_RECORDS FOR PROCESSING_:
....................
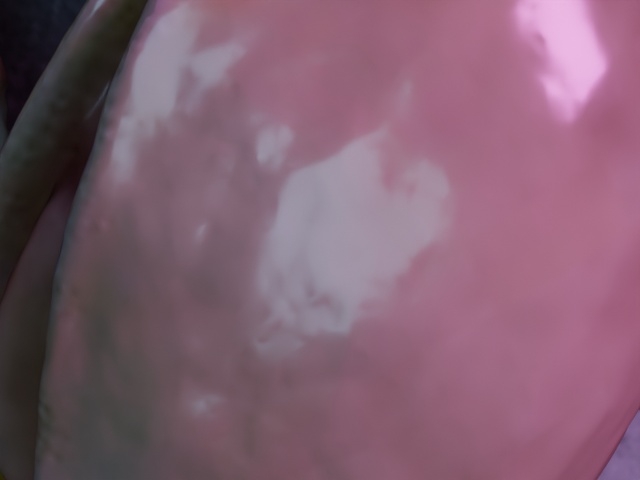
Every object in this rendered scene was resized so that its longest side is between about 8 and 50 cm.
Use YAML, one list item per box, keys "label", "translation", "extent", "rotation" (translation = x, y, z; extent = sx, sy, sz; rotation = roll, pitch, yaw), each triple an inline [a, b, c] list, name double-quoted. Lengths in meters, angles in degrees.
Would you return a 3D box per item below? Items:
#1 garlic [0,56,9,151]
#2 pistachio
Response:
- label: "garlic"
  translation: [-0.278, 0.018, 0.655]
  extent: [0.340, 0.246, 0.231]
  rotation: [-19, 102, -19]
- label: "pistachio"
  translation: [0.000, 0.000, 0.606]
  extent: [0.230, 0.230, 0.309]
  rotation: [33, 104, 3]
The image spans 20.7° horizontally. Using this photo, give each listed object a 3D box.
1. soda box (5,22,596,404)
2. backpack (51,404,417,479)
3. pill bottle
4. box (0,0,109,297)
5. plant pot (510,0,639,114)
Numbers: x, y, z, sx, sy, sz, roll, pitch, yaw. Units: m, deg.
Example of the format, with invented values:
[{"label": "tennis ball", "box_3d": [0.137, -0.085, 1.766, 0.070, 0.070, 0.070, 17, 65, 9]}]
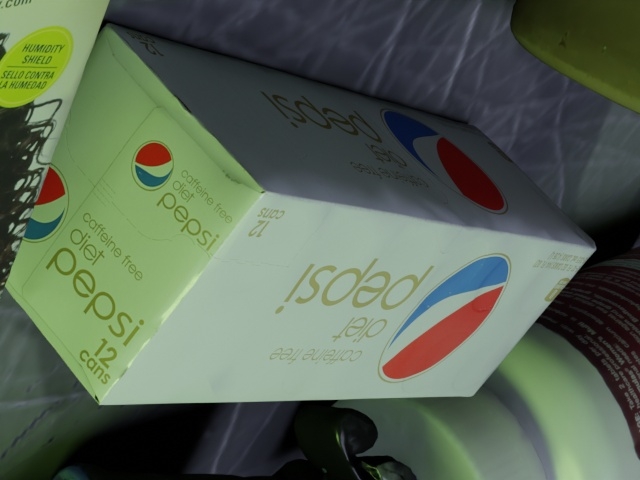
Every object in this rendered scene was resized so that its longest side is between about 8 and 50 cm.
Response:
[{"label": "soda box", "box_3d": [0.000, 0.000, 0.521, 0.074, 0.069, 0.216, -51, 155, 17]}, {"label": "backpack", "box_3d": [-0.057, 0.233, 0.579, 0.213, 0.263, 0.276, -5, 138, -30]}, {"label": "pill bottle", "box_3d": [0.105, 0.079, 0.740, 0.221, 0.121, 0.121, -18, 145, -42]}, {"label": "box", "box_3d": [-0.082, -0.060, 0.316, 0.087, 0.058, 0.232, -19, 145, -42]}, {"label": "plant pot", "box_3d": [0.214, -0.116, 0.491, 0.263, 0.263, 0.229, 2, 111, -57]}]
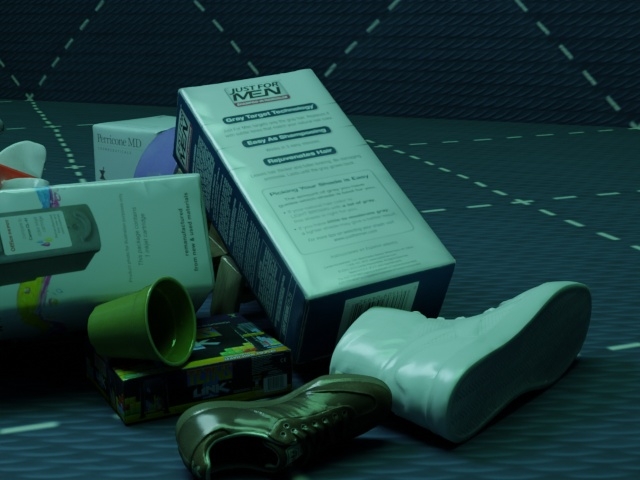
....................
_EXERCISE DETAILS_:
Your task is to retype exactly the lines that run from the line with "Would you return" through the last line of the material, with the pictures left out.

_PROBLEM SOLUTION_:
Would you return a 3D box per item below? Items:
#1 garlic [0,56,9,151]
#2 pistachio
Response:
- label: "garlic"
  translation: [-0.278, 0.018, 0.655]
  extent: [0.340, 0.246, 0.231]
  rotation: [-19, 102, -19]
- label: "pistachio"
  translation: [0.000, 0.000, 0.606]
  extent: [0.230, 0.230, 0.309]
  rotation: [33, 104, 3]
The image spans 20.7° horizontally. Using this photo, give each listed object a 3D box.
1. soda box (5,22,596,404)
2. backpack (51,404,417,479)
3. pill bottle
4. box (0,0,109,297)
5. plant pot (510,0,639,114)
Numbers: x, y, z, sx, sy, sz, roll, pitch, yaw. Units: m, deg.
Example of the format, with invented values:
[{"label": "tennis ball", "box_3d": [0.137, -0.085, 1.766, 0.070, 0.070, 0.070, 17, 65, 9]}]
Every object in this rendered scene was resized so that its longest side is between about 8 and 50 cm.
Response:
[{"label": "soda box", "box_3d": [0.000, 0.000, 0.521, 0.074, 0.069, 0.216, -51, 155, 17]}, {"label": "backpack", "box_3d": [-0.057, 0.233, 0.579, 0.213, 0.263, 0.276, -5, 138, -30]}, {"label": "pill bottle", "box_3d": [0.105, 0.079, 0.740, 0.221, 0.121, 0.121, -18, 145, -42]}, {"label": "box", "box_3d": [-0.082, -0.060, 0.316, 0.087, 0.058, 0.232, -19, 145, -42]}, {"label": "plant pot", "box_3d": [0.214, -0.116, 0.491, 0.263, 0.263, 0.229, 2, 111, -57]}]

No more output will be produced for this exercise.